Task goal —
List all the lines in these records that hold "Helder".

The data —
*** Begin section ***
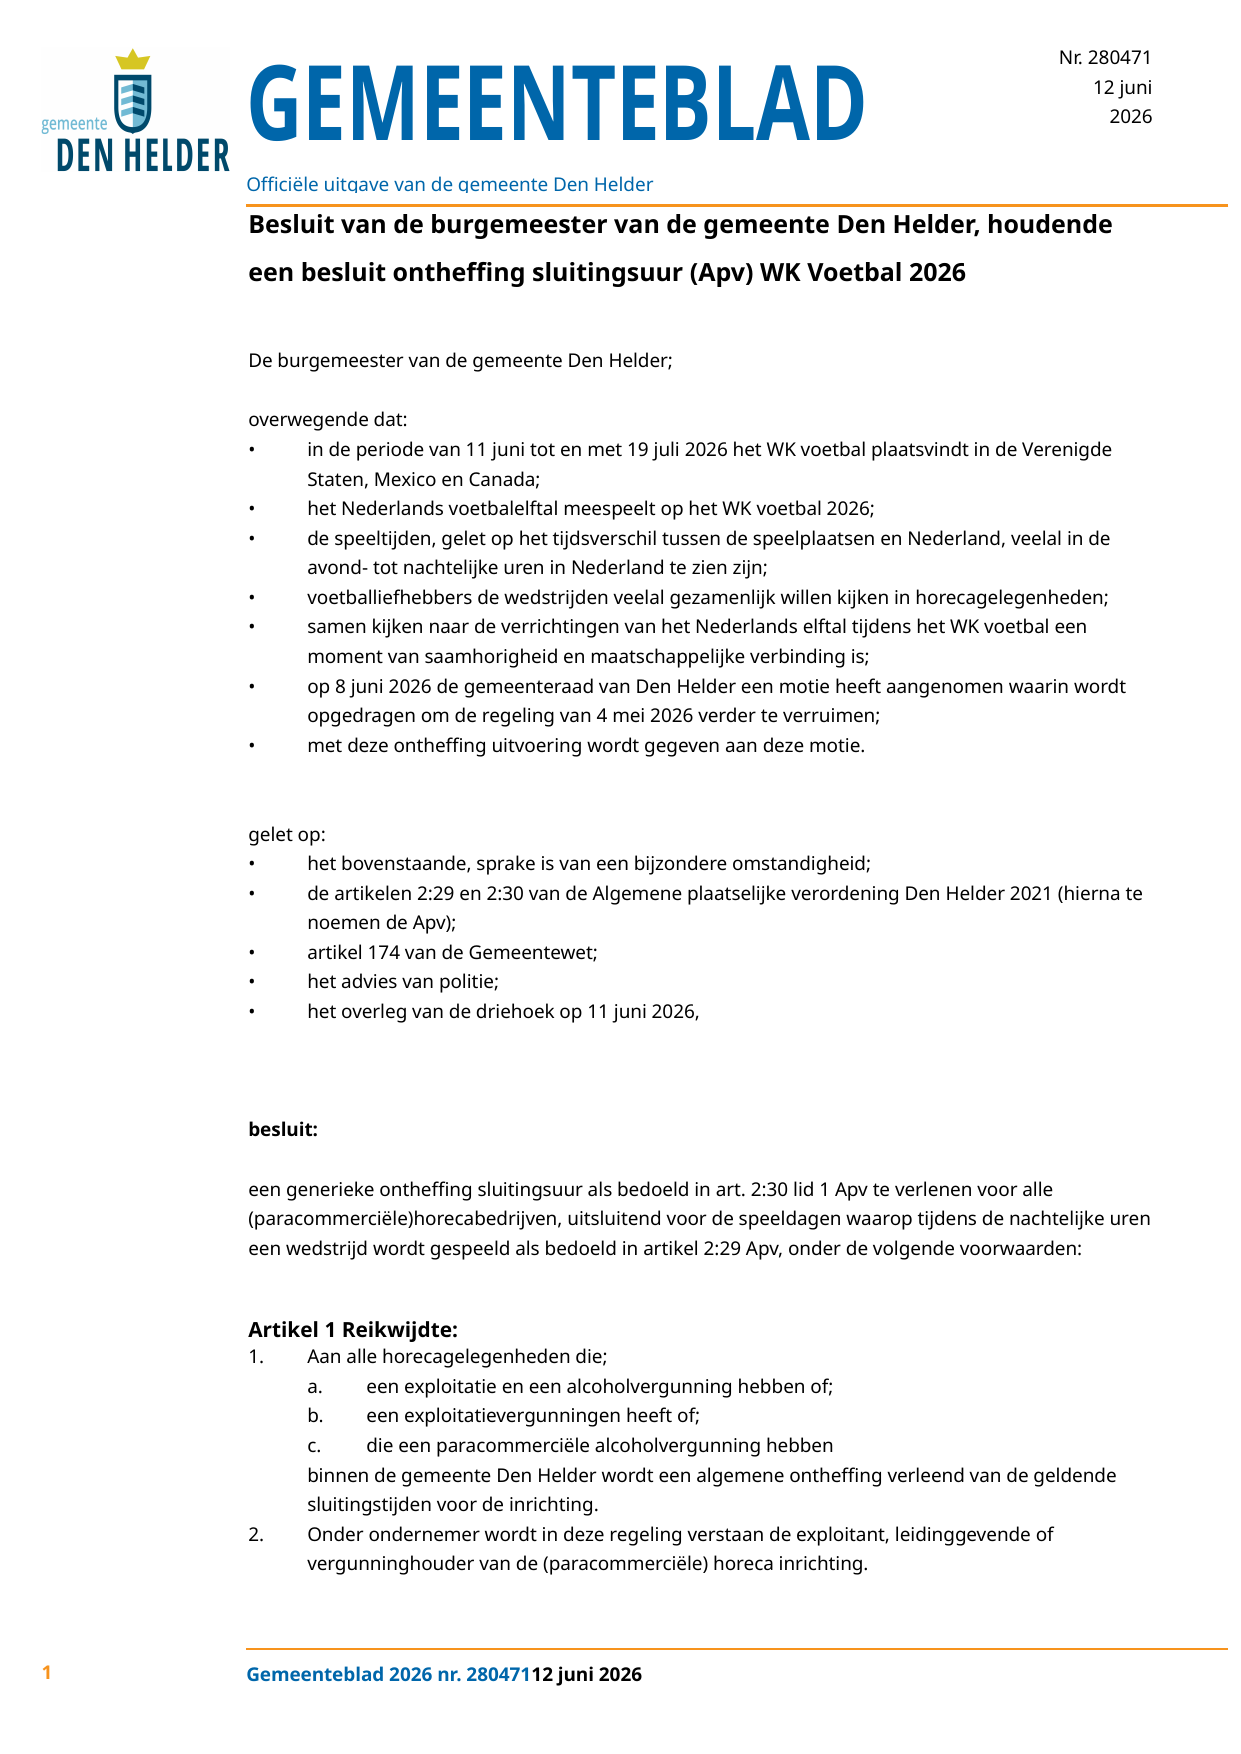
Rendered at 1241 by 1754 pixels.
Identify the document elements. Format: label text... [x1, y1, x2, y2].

list voetballiefhebbers de wedstrijden veelal gezamenlijk willen kijken in horecagelegenheden; [248, 584, 1152, 610]
list artikel 174 van de Gemeentewet; [248, 939, 1152, 965]
text Besluit van de burgemeester van de gemeente Den Helder, houdende een besluit ontheffing sluitingsuur (Apv) WK Voetbal 2026 [248, 207, 1152, 288]
list een exploitatie en een alcoholvergunning hebben of; [307, 1373, 1152, 1399]
list Onder ondernemer wordt in deze regeling verstaan de exploitant, leidinggevende of vergunninghouder van de (paracommerciële) horeca inrichting. [248, 1521, 1152, 1576]
list de artikelen 2:29 en 2:30 van de Algemene plaatselijke verordening Den Helder 2021 (hierna te noemen de Apv); [248, 880, 1152, 935]
list met deze ontheffing uitvoering wordt gegeven aan deze motie. [248, 732, 1152, 758]
list Aan alle horecagelegenheden die; [248, 1343, 1152, 1369]
list die een paracommerciële alcoholvergunning hebben [307, 1432, 1152, 1458]
text gelet op: [248, 821, 1152, 847]
list het overleg van de driehoek op 11 juni 2026, [248, 998, 1152, 1024]
list het Nederlands voetbalelftal meespeelt op het WK voetbal 2026; [248, 495, 1152, 521]
picture [41, 47, 231, 172]
list het advies van politie; [248, 969, 1152, 994]
list het bovenstaande, sprake is van een bijzondere omstandigheid; [248, 850, 1152, 876]
text een generieke ontheffing sluitingsuur als bedoeld in art. 2:30 lid 1 Apv te verlenen voor alle (paracommerciële)horecabedrijven, uitsluitend voor de speeldagen waarop tijdens de nachtelijke uren een wedstrijd wordt gespeeld als bedoeld in artikel 2:29 Apv, onder de volgende voorwaarden: [248, 1176, 1152, 1261]
list de speeltijden, gelet op het tijdsverschil tussen de speelplaatsen en Nederland, veelal in de avond- tot nachtelijke uren in Nederland te zien zijn; [248, 525, 1152, 580]
text overwegende dat: [248, 407, 1152, 432]
picture [182, 144, 187, 165]
list op 8 juni 2026 de gemeenteraad van Den Helder een motie heeft aangenomen waarin wordt opgedragen om de regeling van 4 mei 2026 verder te verruimen; [248, 673, 1152, 728]
list samen kijken naar de verrichtingen van het Nederlands elftal tijdens het WK voetbal een moment van saamhorigheid en maatschappelijke verbinding is; [248, 614, 1152, 669]
list een exploitatievergunningen heeft of; [307, 1403, 1152, 1428]
picture [220, 160, 224, 172]
picture [63, 144, 68, 165]
picture [100, 154, 106, 172]
list binnen de gemeente Den Helder wordt een algemene ontheffing verleend van de geldende sluitingstijden voor de inrichting. [248, 1462, 1152, 1517]
text De burgemeester van de gemeente Den Helder; [248, 347, 1152, 373]
picture [130, 157, 135, 172]
list in de periode van 11 juni tot en met 19 juli 2026 het WK voetbal plaatsvindt in de Verenigde Staten, Mexico en Canada; [248, 436, 1152, 492]
text Artikel 1 Reikwijdte: [248, 1315, 1152, 1343]
text besluit: [248, 1117, 1152, 1142]
*** End section ***
Task solution —
text Besluit van de burgemeester van de gemeente Den Helder, houdende een besluit ontheffing sluitingsuur (Apv) WK Voetbal 2026 [248, 207, 1152, 288]
list de artikelen 2:29 en 2:30 van de Algemene plaatselijke verordening Den Helder 2021 (hierna te noemen de Apv); [248, 880, 1152, 935]
list op 8 juni 2026 de gemeenteraad van Den Helder een motie heeft aangenomen waarin wordt opgedragen om de regeling van 4 mei 2026 verder te verruimen; [248, 673, 1152, 728]
list binnen de gemeente Den Helder wordt een algemene ontheffing verleend van de geldende sluitingstijden voor de inrichting. [248, 1462, 1152, 1517]
text De burgemeester van de gemeente Den Helder; [248, 347, 1152, 373]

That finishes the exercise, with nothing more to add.